Seppe da qualche voce più informata che correva, che sapeva fare giochi di magia e che girava pressoché ovunque con un cubo di rubik nello zaino. Come lei stessa aveva potuto appurare, era un grande amante della storia, motivo per cui presentava una sfilza non indifferente di dieci sul registro di classe, che lo rendevano invidiato dal resto dei suoi compagni.
Girovagava per l’autobus sedendo prima da una parte, poi dall’altra, tenendo in mano una sorta di hand grip, perché, a quanto C. aveva sentito dire, sapeva arrampicare, e capitava di vederlo sfogliare distrattamente un libro che si portava sempre appresso, intitolato “No Hero”.
E mentre il tempo passava e quel nome fino a poco prima sconosciuto prendeva vita, C., con gli occhi poggiati su quel viso illuminato da un ultimo raggio di sole, rimuginava silenziosamente e pensava a tutto ciò che lui, invece, non conosceva di lei.
Non aveva idea di chi fosse, di come si chiamasse, di quello che amava fare.

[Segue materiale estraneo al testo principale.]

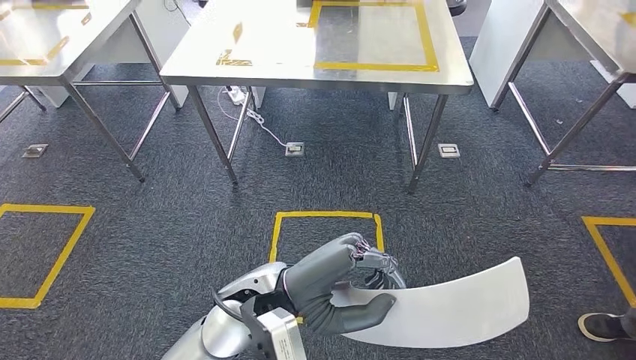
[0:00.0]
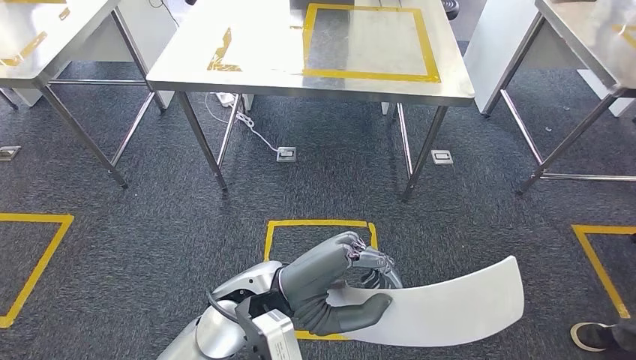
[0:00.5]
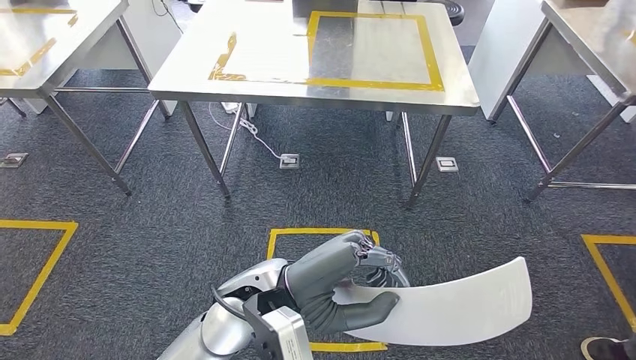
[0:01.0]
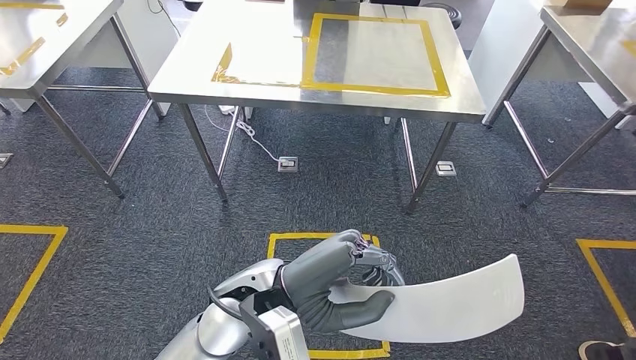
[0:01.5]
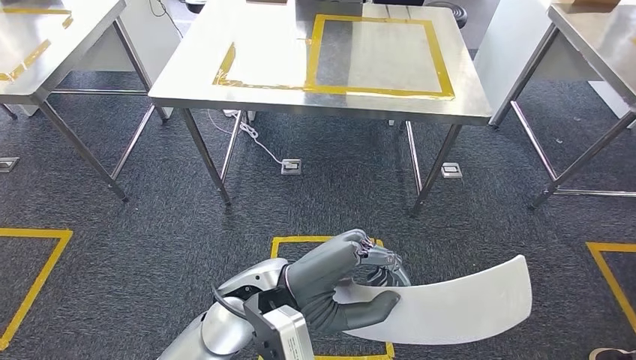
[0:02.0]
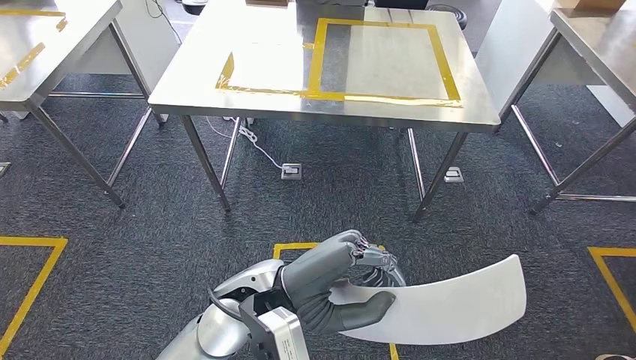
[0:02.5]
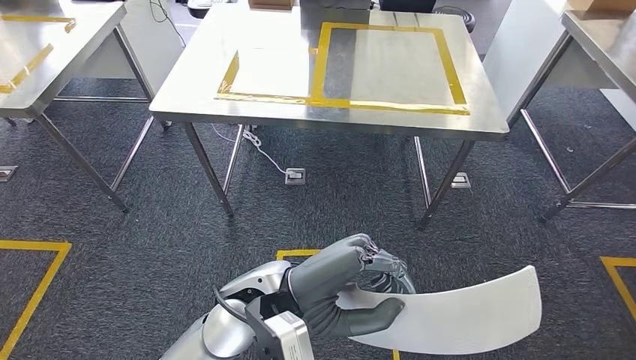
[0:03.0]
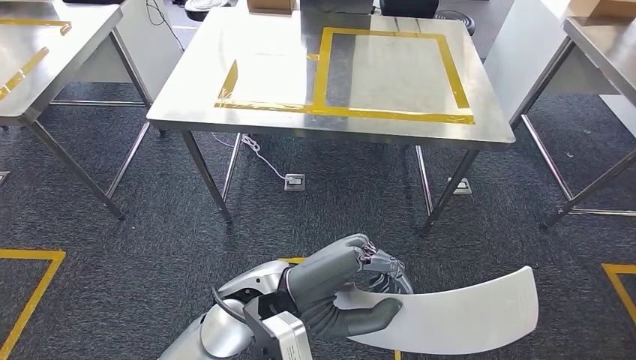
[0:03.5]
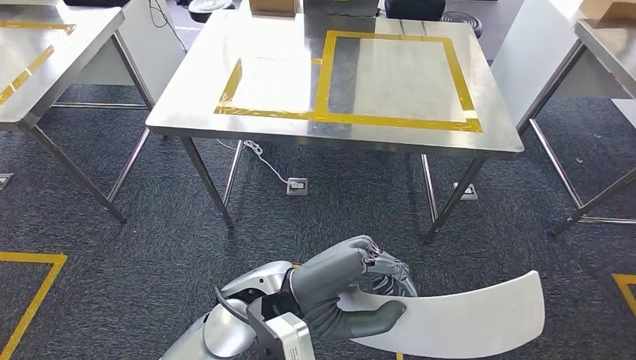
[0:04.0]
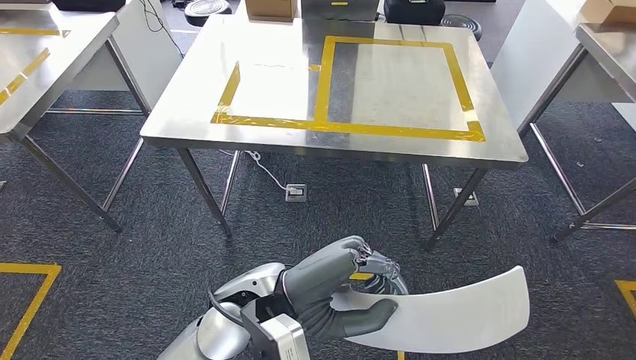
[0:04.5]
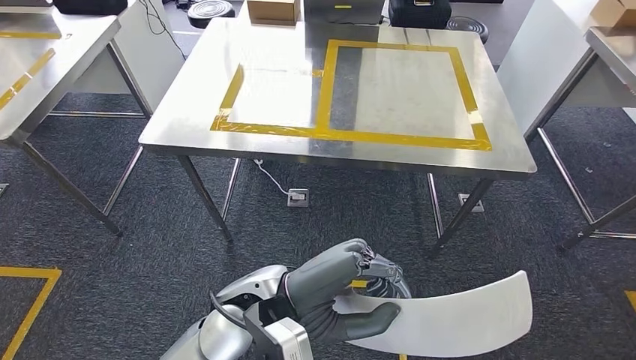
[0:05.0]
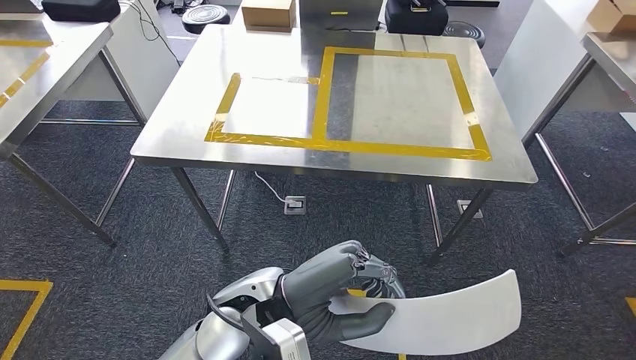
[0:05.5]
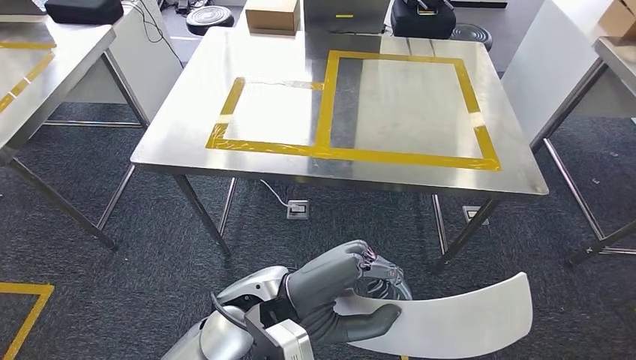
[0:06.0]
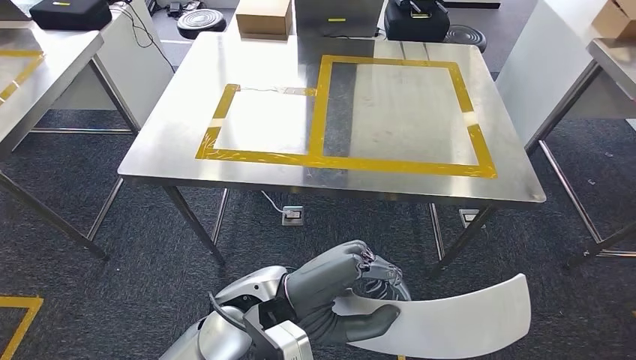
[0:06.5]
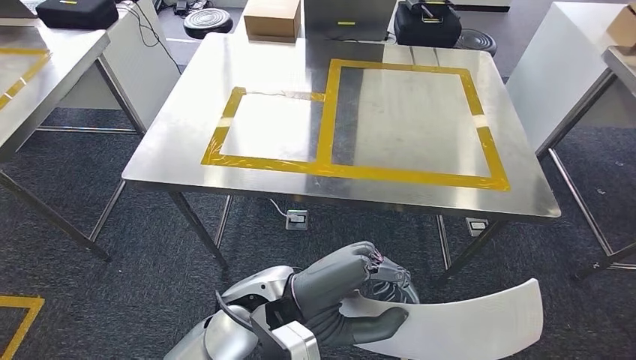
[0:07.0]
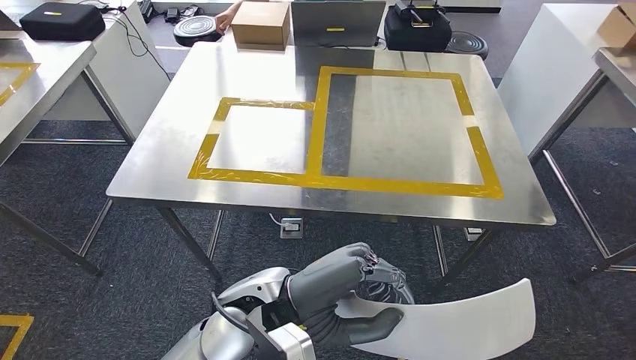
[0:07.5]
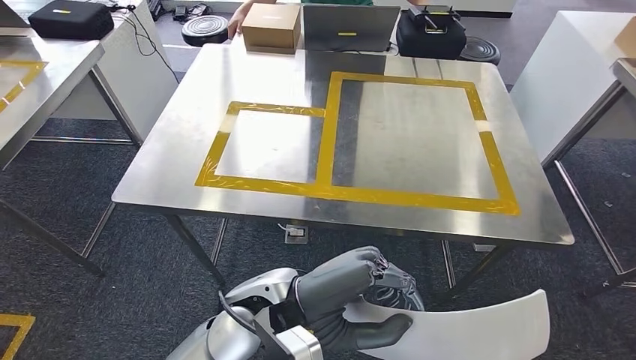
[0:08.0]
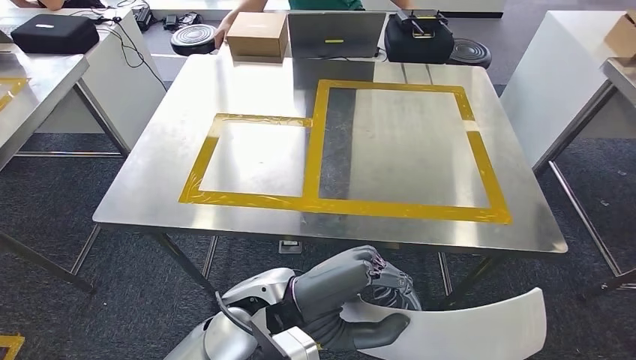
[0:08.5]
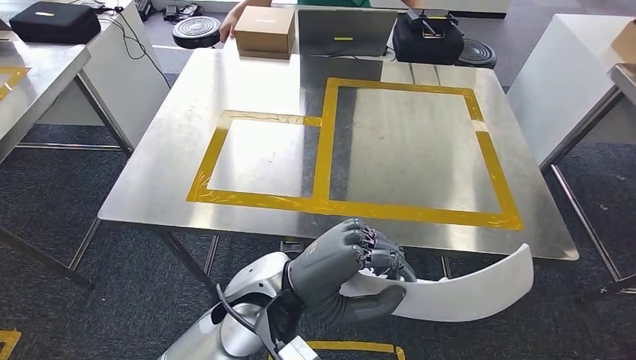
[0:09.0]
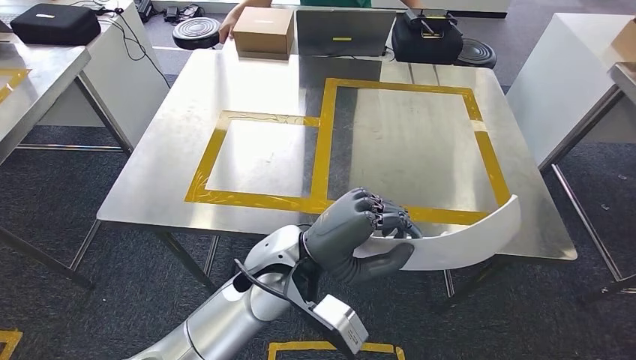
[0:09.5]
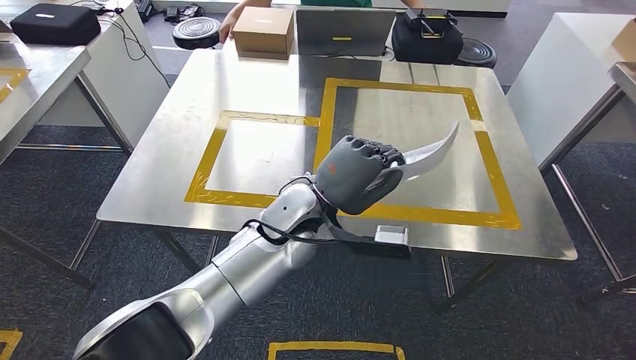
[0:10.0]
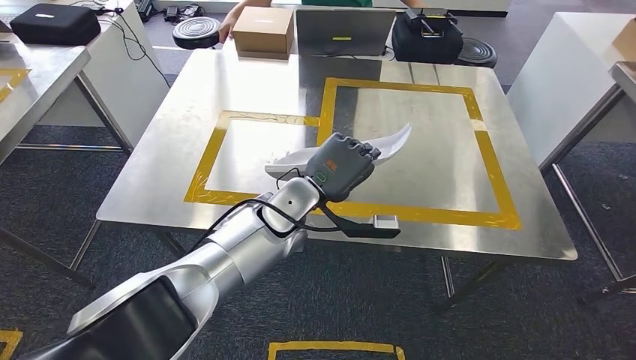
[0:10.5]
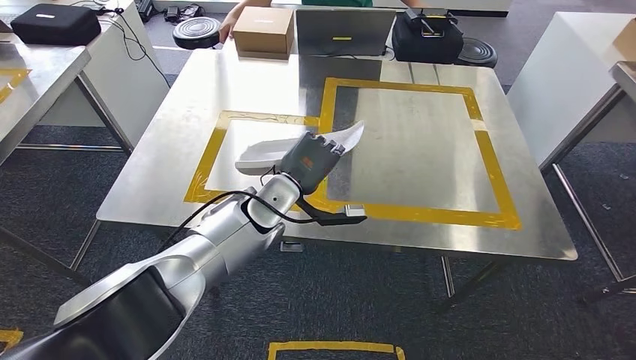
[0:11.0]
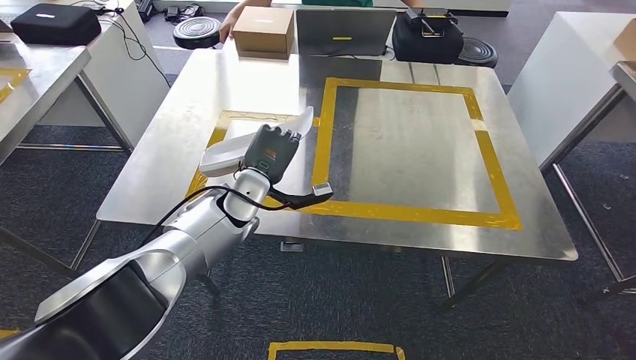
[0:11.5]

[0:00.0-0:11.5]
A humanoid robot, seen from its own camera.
Step, 0:00.0 to 0:10.0: Move the small parts to the workbench.
0:09.5 to 0:11.5: The left hand travels forward and to the left by approximately 15 cm.

Non sapeva che era nata qualche giorno più tardi di lui, che suonava il pianoforte, che piangeva leggendo Leopardi o che da due anni a quella parte era diventata una giornalista, nella speranza, un giorno, di essere qualcuno. Non sapeva che anche lei amava la storia e che, come lui, sperava in un dieci dipinto sulla pagella di fine anno. Non conosceva quel suo difetto di “dare il mondo” senza aspettarsi nulla in cambio e ignorava le insicurezze che le attanagliavano i pensieri o la gioia che provava stando sdraiata all’ombra di un albero, pensando a quanto si sentisse piccola di fronte alla vita. Forse non avrebbe mai saputo che il suo viso si colorava di tante piccole lentiggini quando le giornate iniziavano ad allungarsi o che il colore della sua iride, alla luce del sole, assumeva la forma di un girasole poggiato su un verde prato.
Tutte cose scontate, forse – aveva pensato C. riflettendoci – ma mai prima di allora aveva desiderato così tanto che qualcuno le scoprisse.